• What this task involves: Return all the lines below in which the string "Given" appears.

• Data supplied:
***

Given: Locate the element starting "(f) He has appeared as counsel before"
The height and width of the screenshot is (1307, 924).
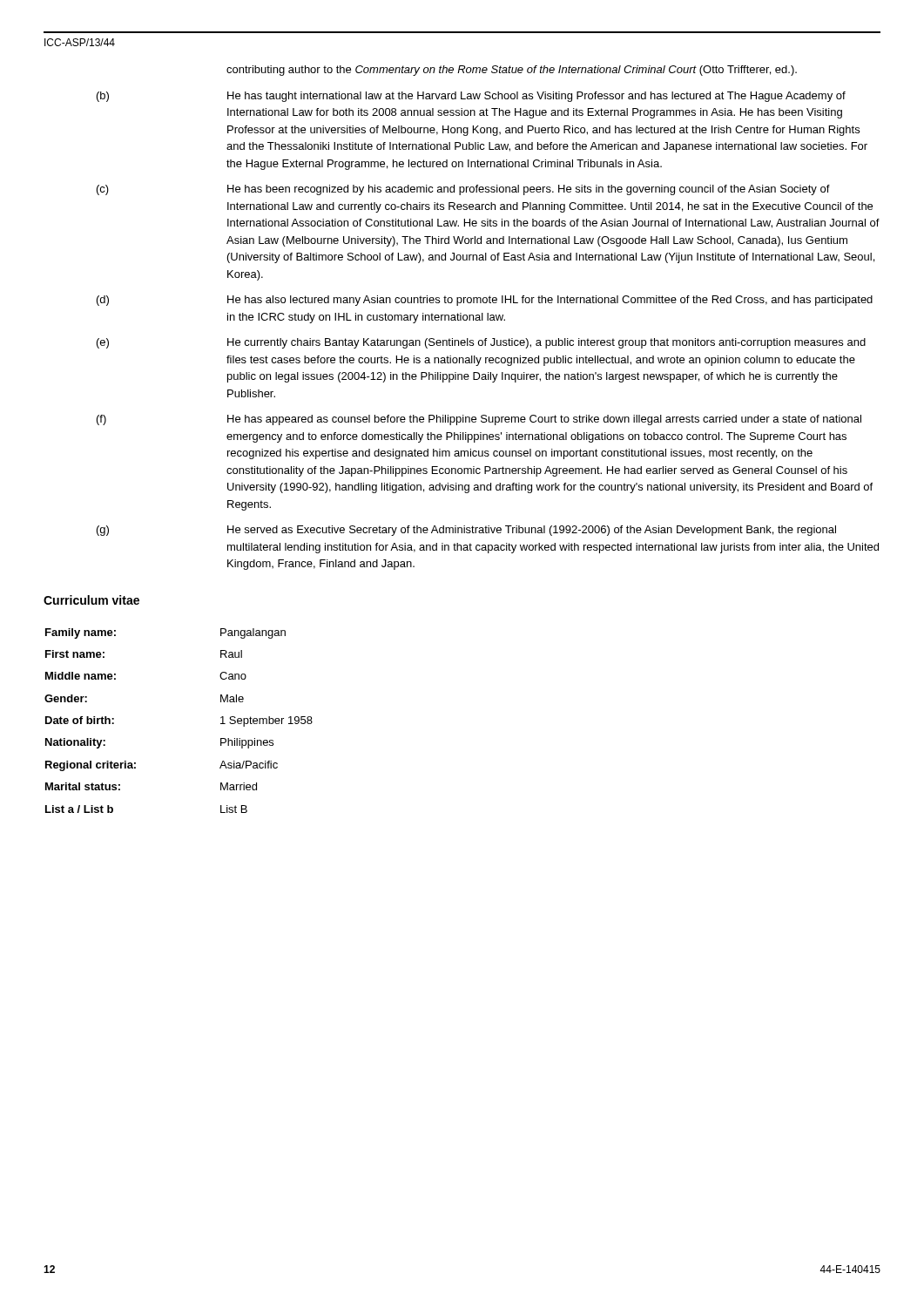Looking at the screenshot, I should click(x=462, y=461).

***

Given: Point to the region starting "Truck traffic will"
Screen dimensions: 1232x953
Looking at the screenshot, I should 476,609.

***

• Solution:
Given: Locate the element starting "(f) He has appeared as counsel before"
Given: Point to the region starting "Truck traffic will"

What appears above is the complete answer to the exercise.